Provided entries:
────────
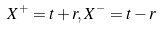Convert formula to latex. <formula><loc_0><loc_0><loc_500><loc_500>X ^ { + } = t + r , X ^ { - } = t - r</formula> 
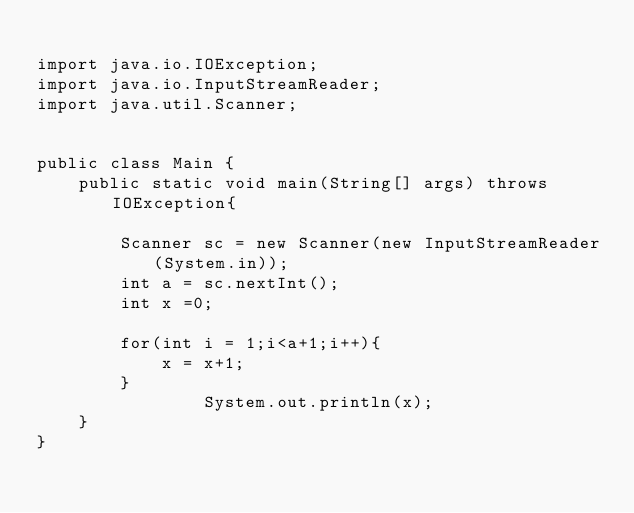<code> <loc_0><loc_0><loc_500><loc_500><_Java_>
import java.io.IOException;
import java.io.InputStreamReader;
import java.util.Scanner;


public class Main {
	public static void main(String[] args) throws IOException{

		Scanner sc = new Scanner(new InputStreamReader(System.in));
		int a = sc.nextInt();
		int x =0;
		
		for(int i = 1;i<a+1;i++){
			x = x+1;
		}
                System.out.println(x);
	}
}
</code> 
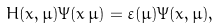<formula> <loc_0><loc_0><loc_500><loc_500>H ( x , \mu ) \Psi ( x \, \mu ) = \varepsilon ( \mu ) \Psi ( x , \mu ) ,</formula> 
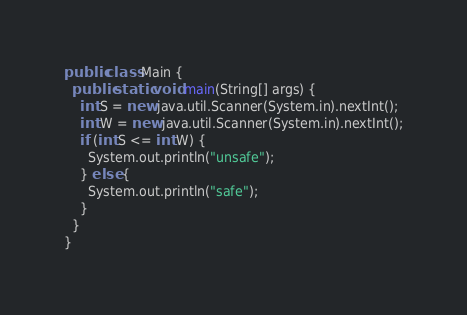Convert code to text. <code><loc_0><loc_0><loc_500><loc_500><_Java_>public class Main {
  public static void main(String[] args) {
    int S = new java.util.Scanner(System.in).nextInt();
    int W = new java.util.Scanner(System.in).nextInt();
    if (int S <= int W) {
      System.out.println("unsafe");
    } else {
      System.out.println("safe");
    }
  }
}
</code> 
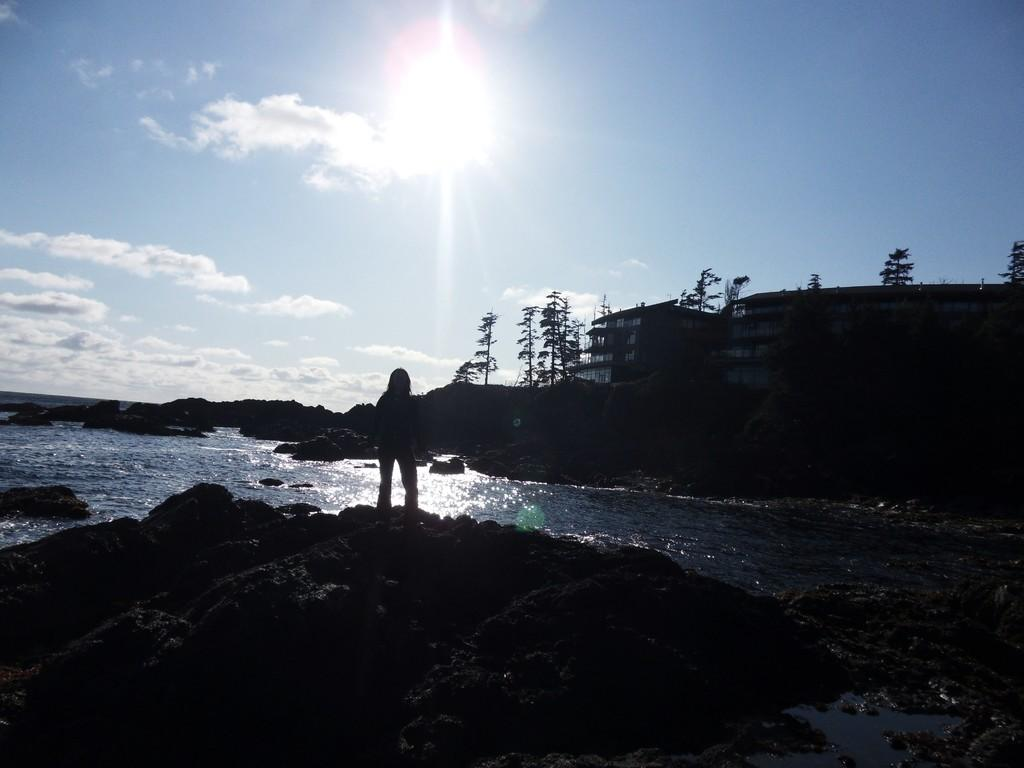What is the main subject in the image? There is a person standing in the image. What can be seen in the background of the image? There is a building and many trees in the image. What natural element is visible in the image? There is water visible in the image. What type of ground surface is present in the image? There are stones in the image. How would you describe the sky in the image? The sky is cloudy and pale blue, and the sun is visible. How many pigs are visible in the image? There are no pigs present in the image. What type of twig is the person holding in the image? There is no twig visible in the image. 
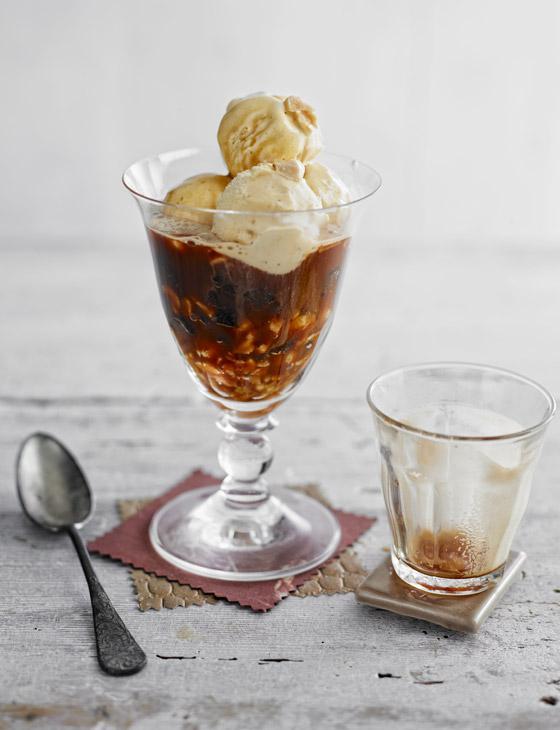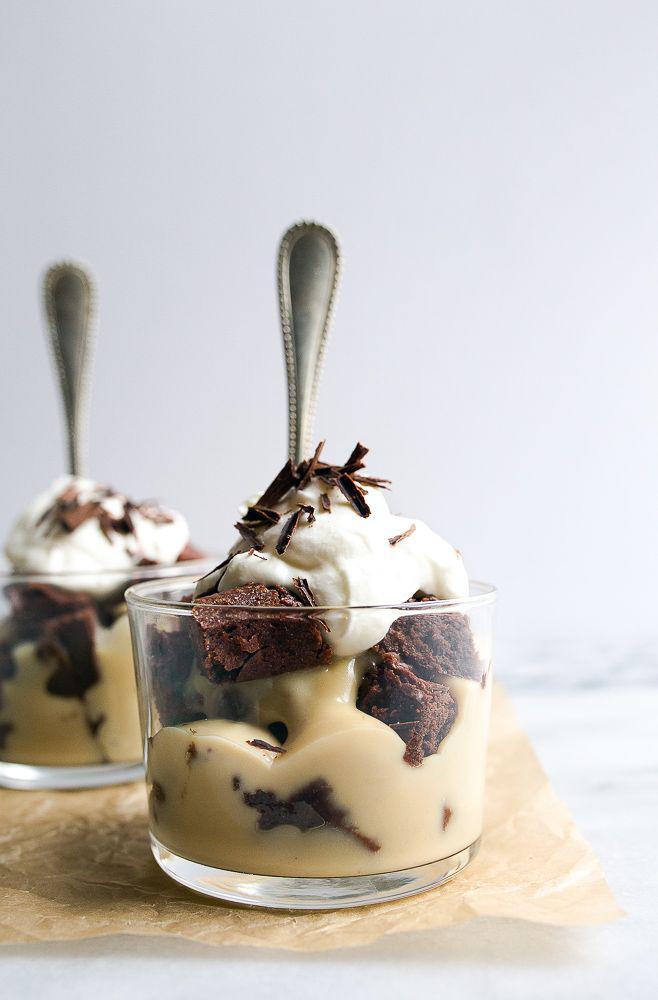The first image is the image on the left, the second image is the image on the right. Analyze the images presented: Is the assertion "There are two individual servings of desserts in the image on the left." valid? Answer yes or no. No. 
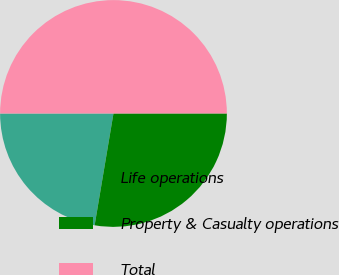Convert chart to OTSL. <chart><loc_0><loc_0><loc_500><loc_500><pie_chart><fcel>Life operations<fcel>Property & Casualty operations<fcel>Total<nl><fcel>22.34%<fcel>27.66%<fcel>50.0%<nl></chart>
────────
Exercise objective:
If a line in the entries above has the word "println", copy it.

Result:
                System.out.println(x);
      System.out.println("unsafe");
      System.out.println("safe");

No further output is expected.